**SUPPLIED DATA**:
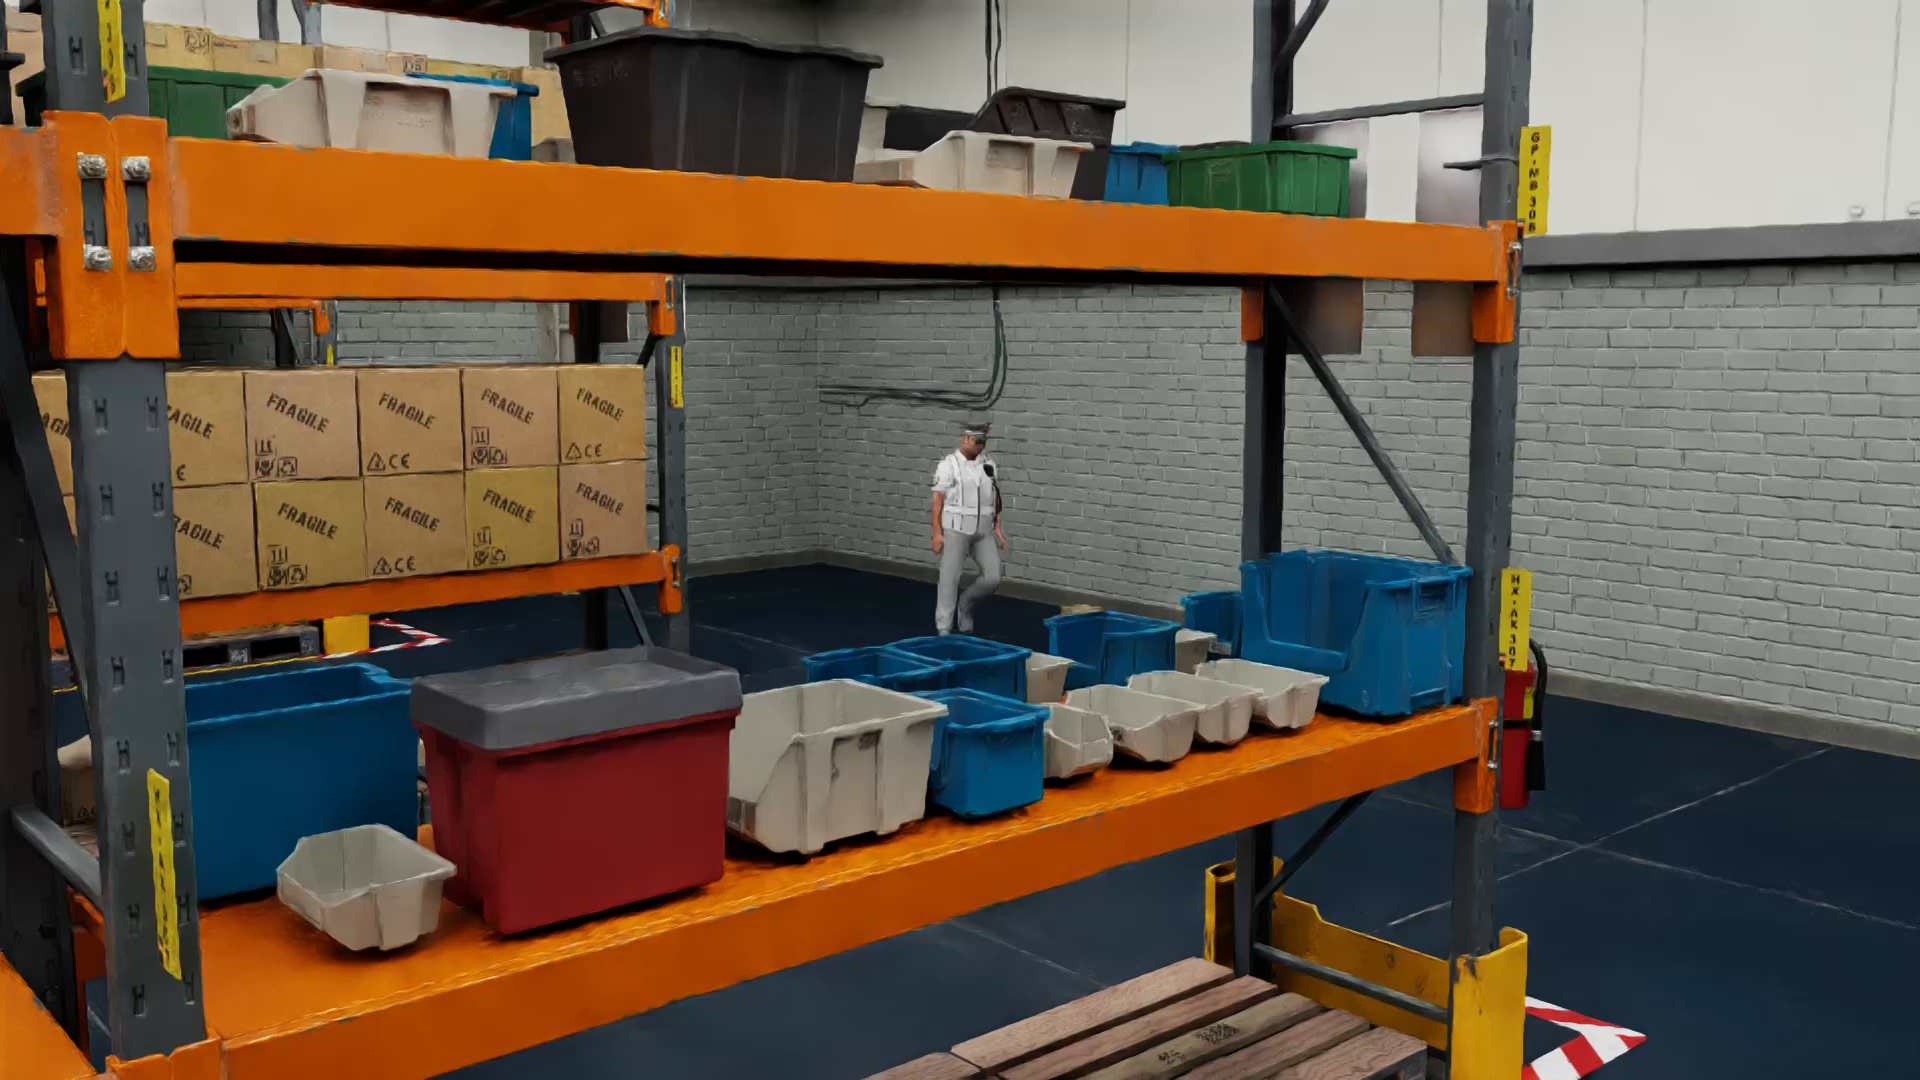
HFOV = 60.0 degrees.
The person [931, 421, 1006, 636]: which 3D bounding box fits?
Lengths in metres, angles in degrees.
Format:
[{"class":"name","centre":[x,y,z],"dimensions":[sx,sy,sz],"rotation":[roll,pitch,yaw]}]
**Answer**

**TASK ITEM**:
Please restate word for word only the lines running from the line that contains "The person [931, 421, 1006, 636]: which" to the final line of the listing above.

**OUTPUT FOR THIS TASK**:
The person [931, 421, 1006, 636]: which 3D bounding box fits?
Lengths in metres, angles in degrees.
Format:
[{"class":"name","centre":[x,y,z],"dimensions":[sx,sy,sz],"rotation":[roll,pitch,yaw]}]
**Answer**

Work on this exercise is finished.